LiveSpeech: Low-Latency Zero-shot Text-to-Speech via Autoregressive Modeling of Audio Discrete Codes

2406.02897

Published 6/11/2024 by Trung Dang, David Aponte, Dung Tran, Kazuhito Koishida

LiveSpeech: Low-Latency Zero-shot Text-to-Speech via Autoregressive Modeling of Audio Discrete Codes

Abstract

Prior works have demonstrated zero-shot text-to-speech by using a generative language model on audio tokens obtained via a neural audio codec.

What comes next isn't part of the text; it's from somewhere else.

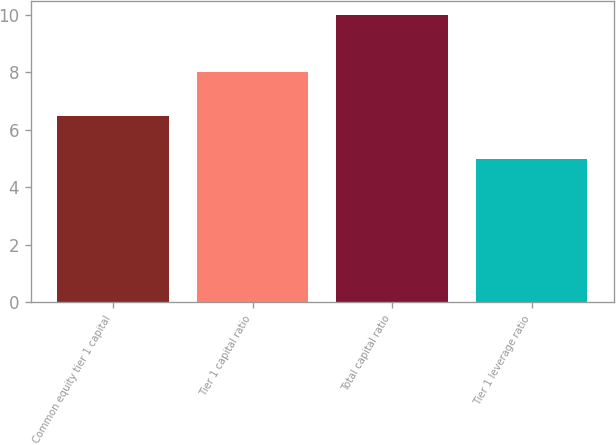Convert chart to OTSL. <chart><loc_0><loc_0><loc_500><loc_500><bar_chart><fcel>Common equity tier 1 capital<fcel>Tier 1 capital ratio<fcel>Total capital ratio<fcel>Tier 1 leverage ratio<nl><fcel>6.5<fcel>8<fcel>10<fcel>5<nl></chart> 
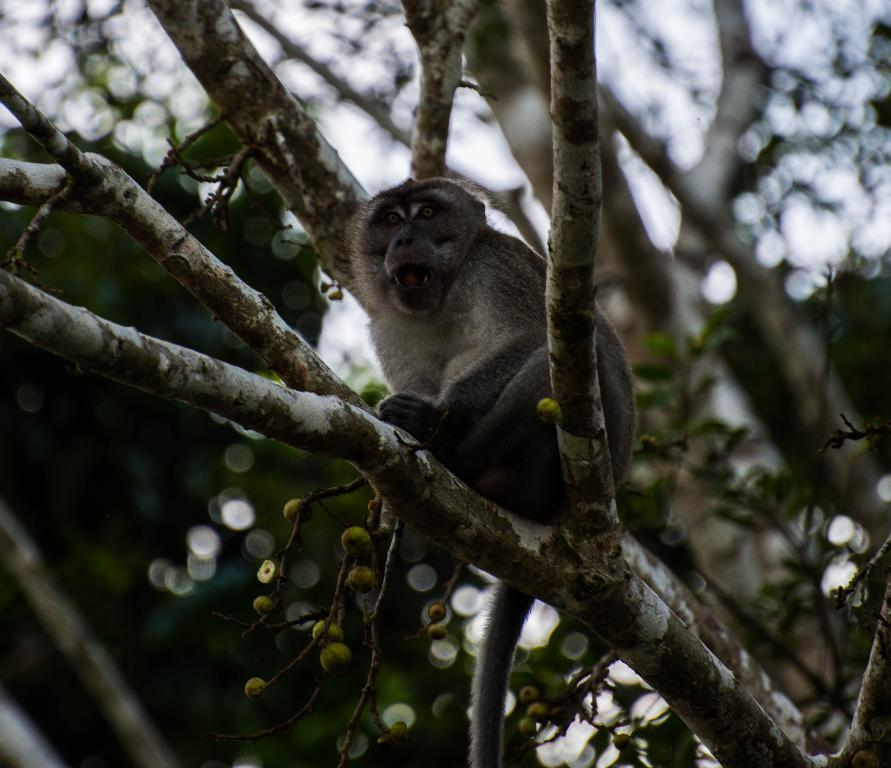What animal can be seen in the image? There is a monkey on a tree branch in the image. What is the monkey holding or eating in the image? There are fruits visible in the image that the monkey might be holding or eating. What can be seen in the sky in the image? The sky is visible in the image. What type of vegetation is present in the background of the image? There are other trees in the background of the image. How is the background of the image depicted? The background is blurred in the image. What type of pen is the monkey using to draw in the image? There is no pen present in the image, and the monkey is not drawing.

It is still challenging, however, to adapt them to low-latency scenarios. In this paper, we present LiveSpeech - a fully autoregressive language model-based approach for zero-shot text-to-speech, enabling low-latency streaming of the output audio. To allow multiple token prediction within a single decoding step, we propose (1) using adaptive codebook loss weights that consider codebook contribution in each frame and focus on hard instances, and (2) grouping codebooks and processing groups in parallel. Experiments show our proposed models achieve competitive results to state-of-the-art baselines in terms of content accuracy, speaker similarity, audio quality, and inference speed while being suitable for low-latency streaming applications.

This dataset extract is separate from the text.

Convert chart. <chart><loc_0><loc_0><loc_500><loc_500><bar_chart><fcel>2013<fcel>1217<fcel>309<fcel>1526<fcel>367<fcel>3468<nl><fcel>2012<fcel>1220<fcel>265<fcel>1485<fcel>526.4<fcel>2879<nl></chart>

Create account to get full access

Overview

This paper introduces LiveSpeech, a low-latency zero-shot text-to-speech (TTS) system that uses autoregressive modeling of audio discrete codes.
The key innovation is the use of discrete audio codes, which allows the system to generate speech without the need for a pre-trained voice model.
LiveSpeech achieves low latency and high-quality speech synthesis through its autoregressive modeling approach, which generates audio samples sequentially.

Plain English Explanation

The paper describes a new text-to-speech (TTS) system called LiveSpeech that can generate speech without needing a pre-recorded voice model. Traditional TTS systems require a lot of audio data to train a voice model, but LiveSpeech gets around this by using "discrete audio codes" instead.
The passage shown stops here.